Before proceeding with this section we should note that the topic of solving quadratic equations will be covered in two sections. This is done for the benefit of those viewing the material on the web. This is a long topic and to keep page load times down to a minimum the material was split into two sections.

So, we are now going to solve quadratic equations. First, the standard form of a quadratic equation is

$a{x^2} + bx + c = 0\hspace{0.25in}a \ne 0$

The only requirement here is that we have an $${x^2}$$ in the equation. We guarantee that this term will be present in the equation by requiring $$a \ne 0$$. Note however, that it is okay if $$b$$ and/or $$c$$ are zero.

There are many ways to solve quadratic equations. We will look at four of them over the course of the next two sections. The first two methods won’t always work yet are probably a little simpler to use when they work. This section will cover these two methods. The last two methods will always work, but often require a little more work or attention to get correct. We will cover these methods in the next section.

So, let’s get started.

Solving by Factoring

As the heading suggests we will be solving quadratic equations here by factoring them. To do this we will need the following fact.

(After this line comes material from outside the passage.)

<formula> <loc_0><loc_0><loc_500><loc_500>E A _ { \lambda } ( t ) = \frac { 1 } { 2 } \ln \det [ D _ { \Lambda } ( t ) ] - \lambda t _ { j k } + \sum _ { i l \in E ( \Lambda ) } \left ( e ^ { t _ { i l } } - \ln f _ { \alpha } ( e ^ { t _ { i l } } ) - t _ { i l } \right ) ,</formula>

${\mbox{If }}ab = 0{\mbox{ then either }}a = 0{\mbox{ and/or }}b = 0$

This fact is called the zero factor property or zero factor principle. All the fact says is that if a product of two terms is zero then at least one of the terms had to be zero to start off with.

Notice that this fact will ONLY work if the product is equal to zero. Consider the following product.

$ab = 6$

In this case there is no reason to believe that either $$a$$ or $$b$$ will be 6. We could have $$a = 2$$ and $$b = 3$$ for instance. So, do not misuse this fact!

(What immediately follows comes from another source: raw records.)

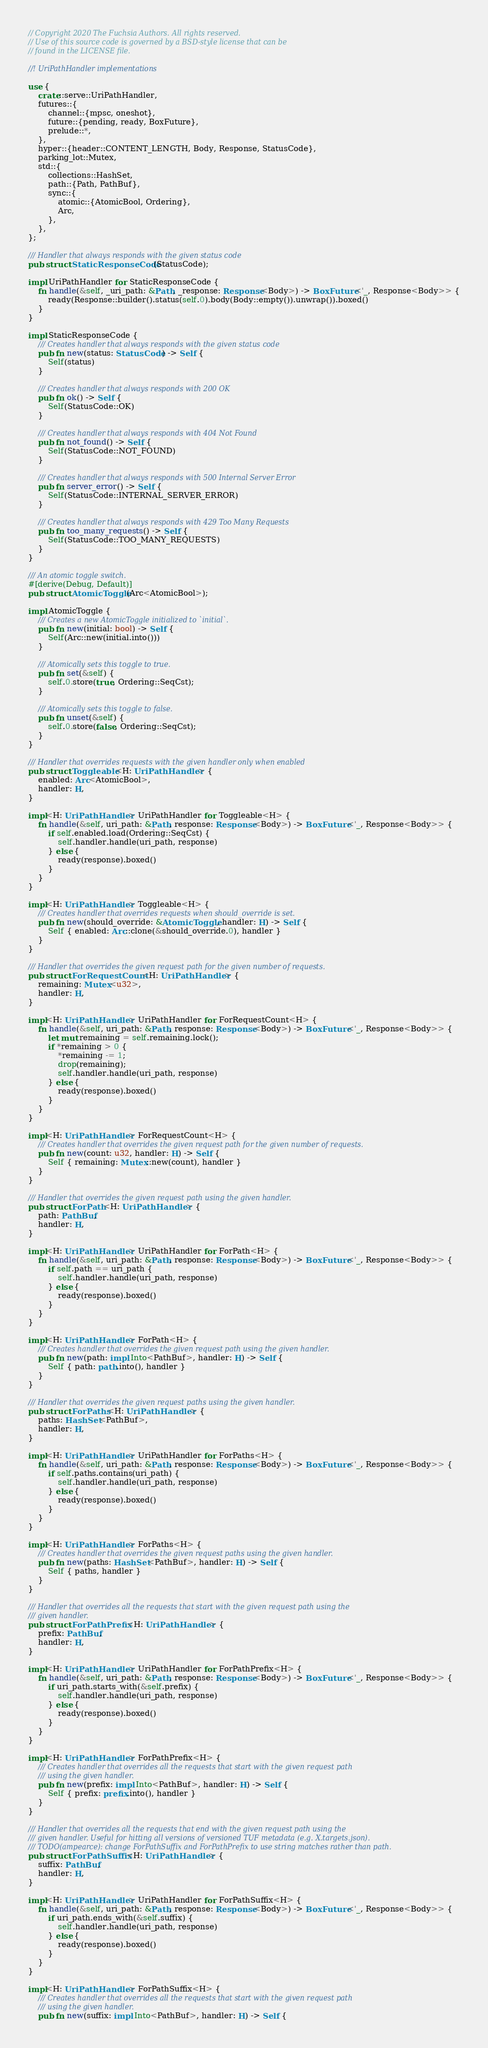Convert code to text. <code><loc_0><loc_0><loc_500><loc_500><_Rust_>// Copyright 2020 The Fuchsia Authors. All rights reserved.
// Use of this source code is governed by a BSD-style license that can be
// found in the LICENSE file.

//! UriPathHandler implementations

use {
    crate::serve::UriPathHandler,
    futures::{
        channel::{mpsc, oneshot},
        future::{pending, ready, BoxFuture},
        prelude::*,
    },
    hyper::{header::CONTENT_LENGTH, Body, Response, StatusCode},
    parking_lot::Mutex,
    std::{
        collections::HashSet,
        path::{Path, PathBuf},
        sync::{
            atomic::{AtomicBool, Ordering},
            Arc,
        },
    },
};

/// Handler that always responds with the given status code
pub struct StaticResponseCode(StatusCode);

impl UriPathHandler for StaticResponseCode {
    fn handle(&self, _uri_path: &Path, _response: Response<Body>) -> BoxFuture<'_, Response<Body>> {
        ready(Response::builder().status(self.0).body(Body::empty()).unwrap()).boxed()
    }
}

impl StaticResponseCode {
    /// Creates handler that always responds with the given status code
    pub fn new(status: StatusCode) -> Self {
        Self(status)
    }

    /// Creates handler that always responds with 200 OK
    pub fn ok() -> Self {
        Self(StatusCode::OK)
    }

    /// Creates handler that always responds with 404 Not Found
    pub fn not_found() -> Self {
        Self(StatusCode::NOT_FOUND)
    }

    /// Creates handler that always responds with 500 Internal Server Error
    pub fn server_error() -> Self {
        Self(StatusCode::INTERNAL_SERVER_ERROR)
    }

    /// Creates handler that always responds with 429 Too Many Requests
    pub fn too_many_requests() -> Self {
        Self(StatusCode::TOO_MANY_REQUESTS)
    }
}

/// An atomic toggle switch.
#[derive(Debug, Default)]
pub struct AtomicToggle(Arc<AtomicBool>);

impl AtomicToggle {
    /// Creates a new AtomicToggle initialized to `initial`.
    pub fn new(initial: bool) -> Self {
        Self(Arc::new(initial.into()))
    }

    /// Atomically sets this toggle to true.
    pub fn set(&self) {
        self.0.store(true, Ordering::SeqCst);
    }

    /// Atomically sets this toggle to false.
    pub fn unset(&self) {
        self.0.store(false, Ordering::SeqCst);
    }
}

/// Handler that overrides requests with the given handler only when enabled
pub struct Toggleable<H: UriPathHandler> {
    enabled: Arc<AtomicBool>,
    handler: H,
}

impl<H: UriPathHandler> UriPathHandler for Toggleable<H> {
    fn handle(&self, uri_path: &Path, response: Response<Body>) -> BoxFuture<'_, Response<Body>> {
        if self.enabled.load(Ordering::SeqCst) {
            self.handler.handle(uri_path, response)
        } else {
            ready(response).boxed()
        }
    }
}

impl<H: UriPathHandler> Toggleable<H> {
    /// Creates handler that overrides requests when should_override is set.
    pub fn new(should_override: &AtomicToggle, handler: H) -> Self {
        Self { enabled: Arc::clone(&should_override.0), handler }
    }
}

/// Handler that overrides the given request path for the given number of requests.
pub struct ForRequestCount<H: UriPathHandler> {
    remaining: Mutex<u32>,
    handler: H,
}

impl<H: UriPathHandler> UriPathHandler for ForRequestCount<H> {
    fn handle(&self, uri_path: &Path, response: Response<Body>) -> BoxFuture<'_, Response<Body>> {
        let mut remaining = self.remaining.lock();
        if *remaining > 0 {
            *remaining -= 1;
            drop(remaining);
            self.handler.handle(uri_path, response)
        } else {
            ready(response).boxed()
        }
    }
}

impl<H: UriPathHandler> ForRequestCount<H> {
    /// Creates handler that overrides the given request path for the given number of requests.
    pub fn new(count: u32, handler: H) -> Self {
        Self { remaining: Mutex::new(count), handler }
    }
}

/// Handler that overrides the given request path using the given handler.
pub struct ForPath<H: UriPathHandler> {
    path: PathBuf,
    handler: H,
}

impl<H: UriPathHandler> UriPathHandler for ForPath<H> {
    fn handle(&self, uri_path: &Path, response: Response<Body>) -> BoxFuture<'_, Response<Body>> {
        if self.path == uri_path {
            self.handler.handle(uri_path, response)
        } else {
            ready(response).boxed()
        }
    }
}

impl<H: UriPathHandler> ForPath<H> {
    /// Creates handler that overrides the given request path using the given handler.
    pub fn new(path: impl Into<PathBuf>, handler: H) -> Self {
        Self { path: path.into(), handler }
    }
}

/// Handler that overrides the given request paths using the given handler.
pub struct ForPaths<H: UriPathHandler> {
    paths: HashSet<PathBuf>,
    handler: H,
}

impl<H: UriPathHandler> UriPathHandler for ForPaths<H> {
    fn handle(&self, uri_path: &Path, response: Response<Body>) -> BoxFuture<'_, Response<Body>> {
        if self.paths.contains(uri_path) {
            self.handler.handle(uri_path, response)
        } else {
            ready(response).boxed()
        }
    }
}

impl<H: UriPathHandler> ForPaths<H> {
    /// Creates handler that overrides the given request paths using the given handler.
    pub fn new(paths: HashSet<PathBuf>, handler: H) -> Self {
        Self { paths, handler }
    }
}

/// Handler that overrides all the requests that start with the given request path using the
/// given handler.
pub struct ForPathPrefix<H: UriPathHandler> {
    prefix: PathBuf,
    handler: H,
}

impl<H: UriPathHandler> UriPathHandler for ForPathPrefix<H> {
    fn handle(&self, uri_path: &Path, response: Response<Body>) -> BoxFuture<'_, Response<Body>> {
        if uri_path.starts_with(&self.prefix) {
            self.handler.handle(uri_path, response)
        } else {
            ready(response).boxed()
        }
    }
}

impl<H: UriPathHandler> ForPathPrefix<H> {
    /// Creates handler that overrides all the requests that start with the given request path
    /// using the given handler.
    pub fn new(prefix: impl Into<PathBuf>, handler: H) -> Self {
        Self { prefix: prefix.into(), handler }
    }
}

/// Handler that overrides all the requests that end with the given request path using the
/// given handler. Useful for hitting all versions of versioned TUF metadata (e.g. X.targets.json).
/// TODO(ampearce): change ForPathSuffix and ForPathPrefix to use string matches rather than path.
pub struct ForPathSuffix<H: UriPathHandler> {
    suffix: PathBuf,
    handler: H,
}

impl<H: UriPathHandler> UriPathHandler for ForPathSuffix<H> {
    fn handle(&self, uri_path: &Path, response: Response<Body>) -> BoxFuture<'_, Response<Body>> {
        if uri_path.ends_with(&self.suffix) {
            self.handler.handle(uri_path, response)
        } else {
            ready(response).boxed()
        }
    }
}

impl<H: UriPathHandler> ForPathSuffix<H> {
    /// Creates handler that overrides all the requests that start with the given request path
    /// using the given handler.
    pub fn new(suffix: impl Into<PathBuf>, handler: H) -> Self {</code>

To solve a quadratic equation by factoring we first must move all the terms over to one side of the equation. Doing this serves two purposes. First, it puts the quadratics into a form that can be factored. Secondly, and probably more importantly, in order to use the zero factor property we MUST have a zero on one side of the equation. If we don’t have a zero on one side of the equation we won’t be able to use the zero factor property.

Let’s take a look at a couple of examples. Note that it is assumed that you can do the factoring at this point and so we won’t be giving any details on the factoring. If you need a review of factoring you should go back and take a look at the Factoring section of the previous chapter.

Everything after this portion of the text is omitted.